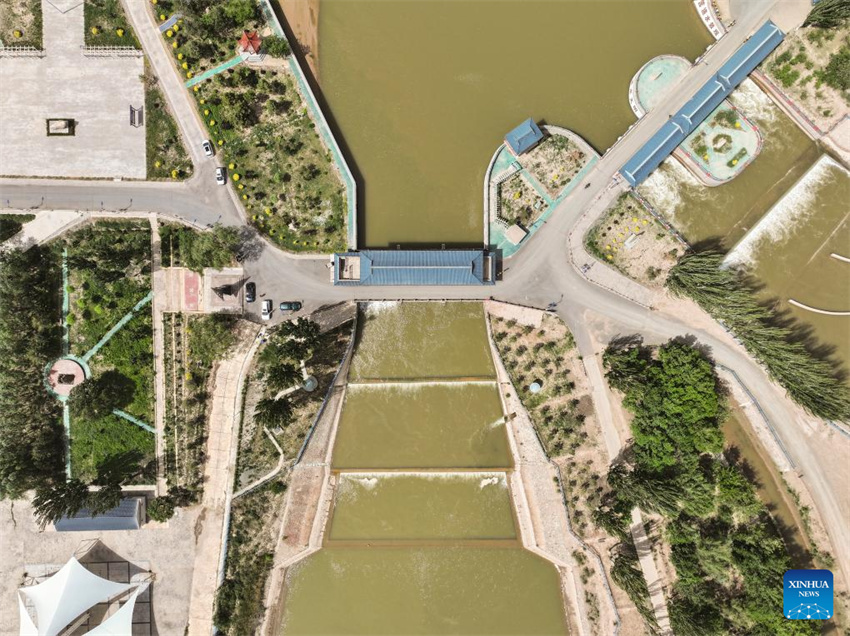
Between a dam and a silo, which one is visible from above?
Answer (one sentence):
There is a dam in the scene.
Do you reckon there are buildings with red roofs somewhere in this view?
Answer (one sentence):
Yes, there's a building with a red roof here.
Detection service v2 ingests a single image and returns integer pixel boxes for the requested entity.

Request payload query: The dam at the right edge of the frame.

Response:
[732,154,830,260]
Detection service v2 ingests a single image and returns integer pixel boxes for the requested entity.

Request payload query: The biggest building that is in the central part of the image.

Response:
[330,250,496,286]
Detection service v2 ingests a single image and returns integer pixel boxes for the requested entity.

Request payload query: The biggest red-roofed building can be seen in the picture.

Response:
[237,30,264,61]
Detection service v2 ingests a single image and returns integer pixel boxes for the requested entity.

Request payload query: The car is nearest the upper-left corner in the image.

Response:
[202,138,215,158]
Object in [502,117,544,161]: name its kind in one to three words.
building

_Problem details_
Restate the material above word for word, so that nothing changes except that the pictures are gone.

_Answer for the task_
Between a dam and a silo, which one is visible from above?
Answer (one sentence):
There is a dam in the scene.
Do you reckon there are buildings with red roofs somewhere in this view?
Answer (one sentence):
Yes, there's a building with a red roof here.
Detection service v2 ingests a single image and returns integer pixel boxes for the requested entity.

Request payload query: The dam at the right edge of the frame.

Response:
[732,154,830,260]
Detection service v2 ingests a single image and returns integer pixel boxes for the requested entity.

Request payload query: The biggest building that is in the central part of the image.

Response:
[330,250,496,286]
Detection service v2 ingests a single image and returns integer pixel boxes for the requested entity.

Request payload query: The biggest red-roofed building can be seen in the picture.

Response:
[237,30,264,61]
Detection service v2 ingests a single image and returns integer pixel boxes for the requested entity.

Request payload query: The car is nearest the upper-left corner in the image.

Response:
[202,138,215,158]
Object in [502,117,544,161]: name its kind in one to three words.
building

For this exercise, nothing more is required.